TASK PROMPT >>
Set down every entry exactly as it stands, omitting any picture.

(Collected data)

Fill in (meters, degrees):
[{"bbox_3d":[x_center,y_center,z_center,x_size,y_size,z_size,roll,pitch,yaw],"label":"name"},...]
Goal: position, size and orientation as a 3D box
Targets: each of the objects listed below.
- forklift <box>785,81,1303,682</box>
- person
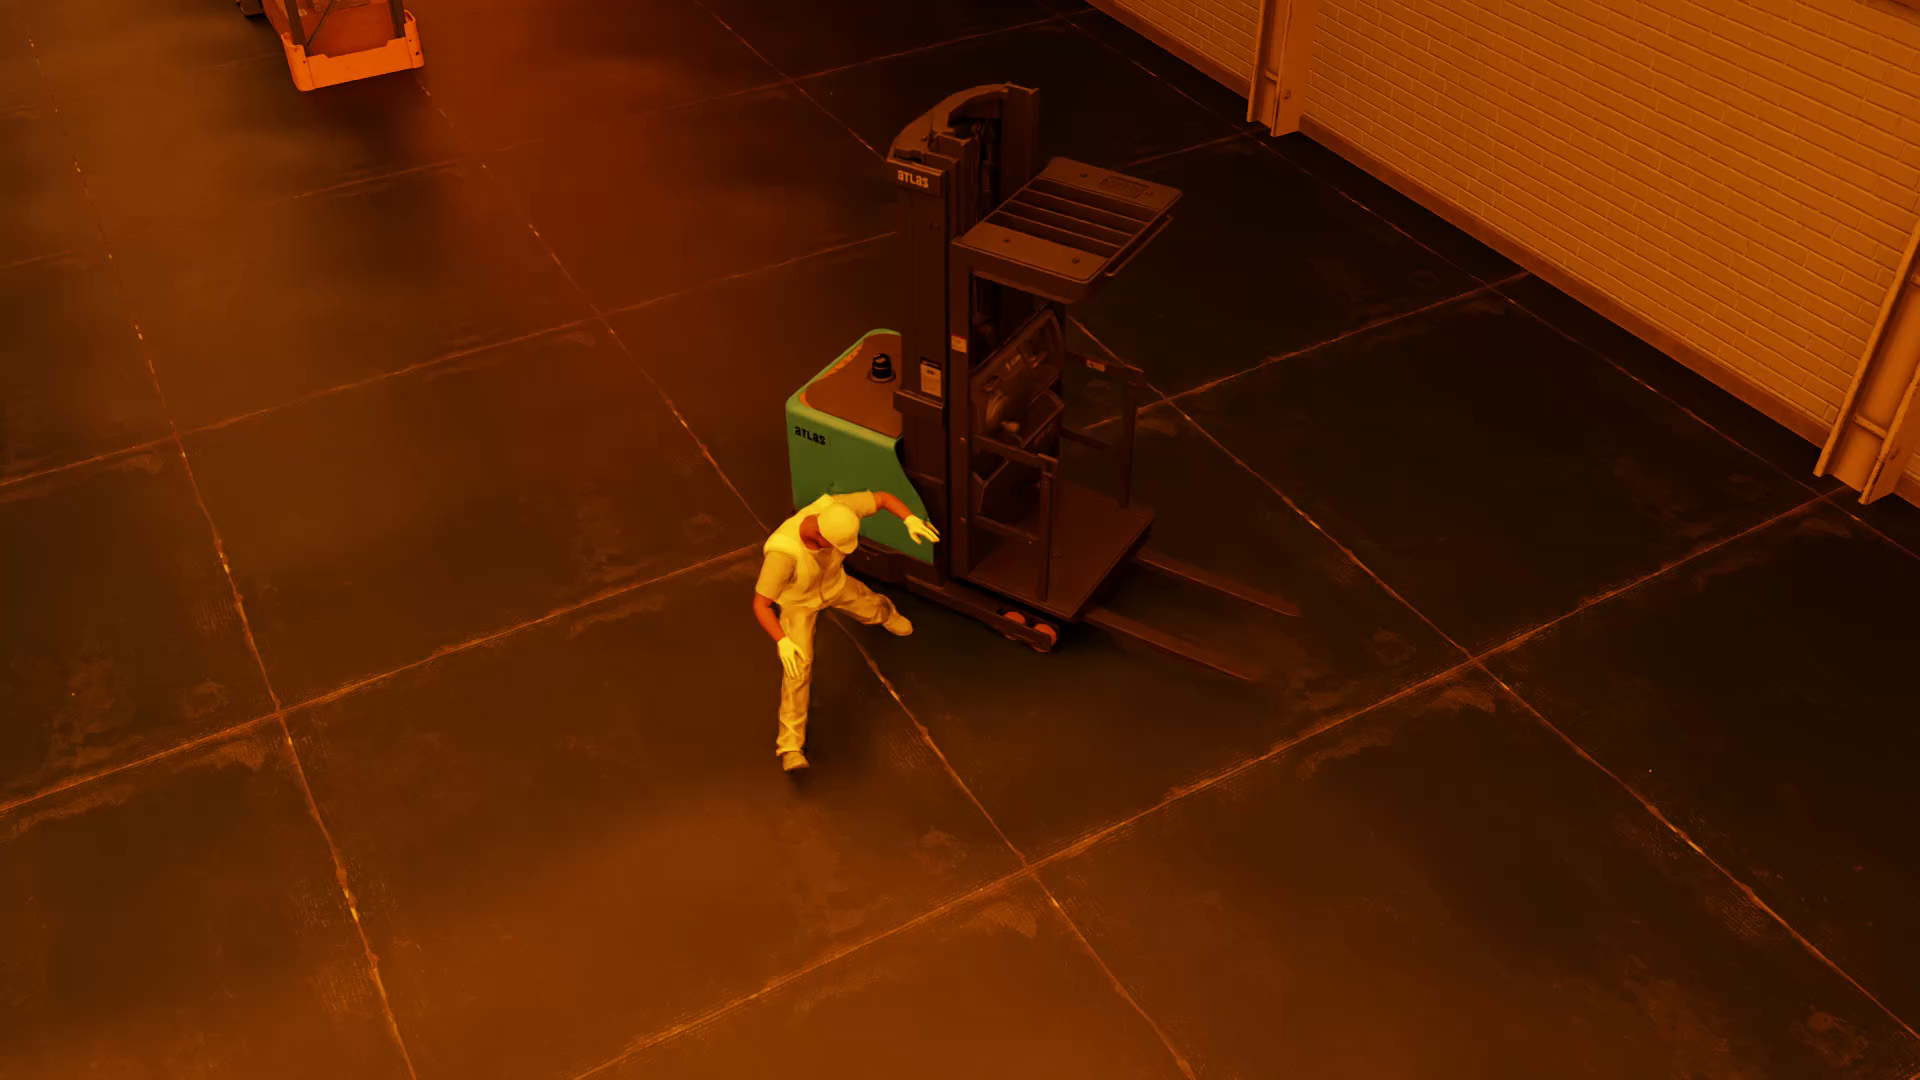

COMPLETED TASK >>
Fill in (meters, degrees):
[{"bbox_3d":[x_center,y_center,z_center,x_size,y_size,z_size,roll,pitch,yaw],"label":"name"},...]
Goal: position, size and orientation as a 3D box
Targets: each of the objects listed below.
- forklift <box>785,81,1303,682</box>
- person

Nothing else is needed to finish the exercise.